What to do
When you repeat the entries below, keep each word exactly as it is and drop the pictures.

Items listed in a dataset:
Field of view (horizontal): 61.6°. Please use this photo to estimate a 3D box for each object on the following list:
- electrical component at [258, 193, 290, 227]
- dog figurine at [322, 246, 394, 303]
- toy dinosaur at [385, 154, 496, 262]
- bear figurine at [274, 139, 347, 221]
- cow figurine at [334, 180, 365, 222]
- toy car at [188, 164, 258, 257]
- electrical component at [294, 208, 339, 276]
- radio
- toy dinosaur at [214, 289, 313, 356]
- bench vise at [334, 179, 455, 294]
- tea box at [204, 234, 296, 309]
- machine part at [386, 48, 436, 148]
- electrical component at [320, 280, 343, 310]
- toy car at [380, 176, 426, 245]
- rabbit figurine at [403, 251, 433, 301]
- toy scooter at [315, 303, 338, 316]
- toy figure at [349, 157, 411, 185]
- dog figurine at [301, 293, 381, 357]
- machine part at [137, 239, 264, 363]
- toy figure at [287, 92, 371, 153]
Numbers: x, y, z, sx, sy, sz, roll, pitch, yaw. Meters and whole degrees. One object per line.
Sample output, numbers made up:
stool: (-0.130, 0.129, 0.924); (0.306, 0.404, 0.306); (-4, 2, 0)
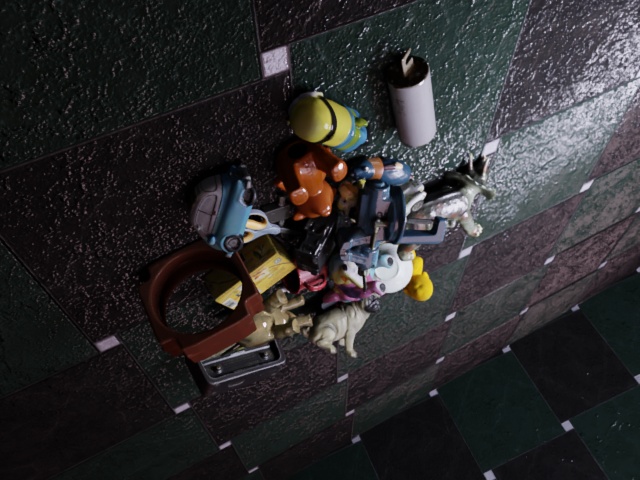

Answer section
Field of view (horizontal): 61.6°. Please use this photo to estimate a 3D box for each object on the following list:
- electrical component at [258, 193, 290, 227]
- dog figurine at [322, 246, 394, 303]
- toy dinosaur at [385, 154, 496, 262]
- bear figurine at [274, 139, 347, 221]
- cow figurine at [334, 180, 365, 222]
- toy car at [188, 164, 258, 257]
- electrical component at [294, 208, 339, 276]
- radio
- toy dinosaur at [214, 289, 313, 356]
- bench vise at [334, 179, 455, 294]
- tea box at [204, 234, 296, 309]
- machine part at [386, 48, 436, 148]
- electrical component at [320, 280, 343, 310]
- toy car at [380, 176, 426, 245]
- rabbit figurine at [403, 251, 433, 301]
- toy scooter at [315, 303, 338, 316]
- toy figure at [349, 157, 411, 185]
- dog figurine at [301, 293, 381, 357]
- machine part at [137, 239, 264, 363]
- toy figure at [287, 92, 371, 153]
Numbers: x, y, z, sx, sy, sz, roll, pitch, yaw. Meters and whole degrees. One object per line.
Sample output, numbers made up:
stool: (-0.130, 0.129, 0.924); (0.306, 0.404, 0.306); (-4, 2, 0)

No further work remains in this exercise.